Saturday, December 3, 2011

A Thing of Beauty


I recently saw the French film “Le Havre” a fine story of people helping people for no other reason than to help. About midway through the film, it struck me that with one exception (the detective), every single person in the film was physically unattractive. And I had to admit that it made it just a tad more difficult to watch. It might have been my expectation forged by decades of Hollywood’s glamour girls and handsome guys, but I also considered that Hollywood’s standard exists simply because beauty is attractive. Not exactly a profound thought, but one I had been schooled to reject and now had to confront as truth— we like seeing attractive people.

As soon as I say that, I know that physical attraction is just one facet of a whole person and one easy to bypass when you know a person. Even in the Hollywood of yore, actors could make it without great looks—think Humphrey Bogart, W.C. Fields, Frank Sinatra, Fred Astaire, Bette Davis, Katherine Hepburn, Joan Crawford sharing the screen with Cary Grant, Clark Gable, Ingrid Bergman, Elizabeth Taylor. Ultimately, we care more about substance than surface. But in the world of packaging and people, an attractive book or album cover does indeed attract and when surface and substance are married, we feel lifted slightly higher into an exalted realm. And that’s why we expect to be in the company of people mostly better-looking than us when we pay our ten dollars at the movies.

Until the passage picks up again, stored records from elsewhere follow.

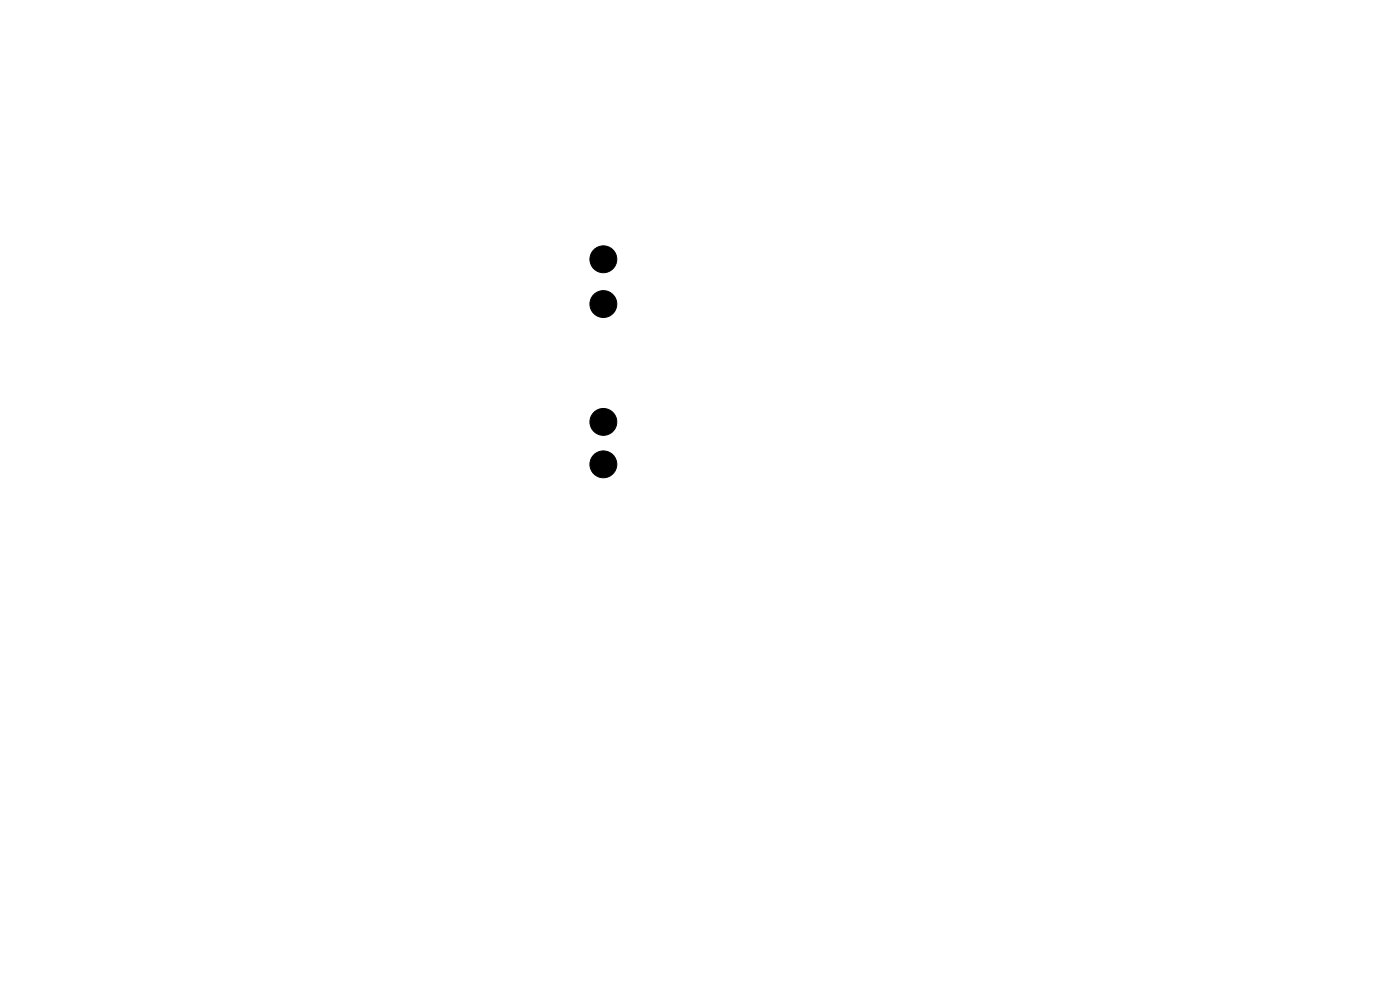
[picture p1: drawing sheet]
<svg xmlns="http://www.w3.org/2000/svg" width="297mm" height="210mm" viewBox="0 0 297 210" stroke-linecap="round" stroke-linejoin="round" font-family="sans-serif">
<g fill="#000" stroke="#000" stroke-width=".21">
<circle cx="128" cy="55" r="2.85"/>
<circle cx="128" cy="64.5" r="2.85"/>
<circle cx="128" cy="89.5" r="2.85"/>
<circle cx="128" cy="98.5" r="2.85"/>
</g>
</svg>

Soon after “Le Havre,” I saw “My Week with Marilyn” and that was a good companion piece, a study of beauty gone rampant, people so entranced with the mythos of Marilyn’s beauty that upright English citizens of the Empire felt their stiff-upper lips go slack when she passed on the street and gave up any pretense of propriety, simply dropped everything and rushed over bewitched by her blonde top and bouncing bottom. And also a good meditation on a frail human being who was the prisoner of her own beauty, exhausted by the work of trying to live up to the image of Marilyn Monroe at the expense of the vulnerable, aching-for-love person inside. But alongside your desire to know that person (and here I’m speaking as a straight man), you couldn’t help but be bewitched along with the rest of the people who stopped and stared when she passed by. When she was in the picture, she trumped everything and every one around her.

Though sometimes loathe to admit it in the face of the damage it does to women in particular trying to live up to a pre-fabricated image, we would do well to say out loud that beauty attracts. For those who have it (and here I am not speaking from personal experience!), it is a gift and a curse. Most would probably not willingly trade it, but it can cover up or cover over or confuse the greater character inside the package. We know that those without it (think Gandhi and Mother Teresa) can achieve extraordinary things and that those with it can be extraordinarily superficial and destructive. And it also is important to note that beauty in people is often entirely subjective, both personally and culturally. Big-bottomed women are desperately dieting in the U.S. while they are the standard of sexiness in Ghana. Years ago in India, a pot-bellied man was a symbol of wealth and power. And even in the U.S., Marilyn Monroe’s 1950’s slightly-plump figure would have disqualified her to be a 1980’s super-model.

“A thing of beauty is a joy forever” wrote Keats, but when it comes to the human body, it’s more like 50 or 60 years. Hard to imagine Marilyn as an 80-year old doing films. So while we preen and fuss, reject or support a multi-billion dollar cosmetic industry, begin from the fact of physical beauty as nature’s delight with aesthetic display, let’s also pay attention to the inner beauty that doesn’t corrode with time. And remember, as the couple in “Le Havre” showed us, that love creates beauty and that, as Marilyn showed us, beauty can repulse genuine love.

More to say, but I have an appointment with my hair-transplant doctor.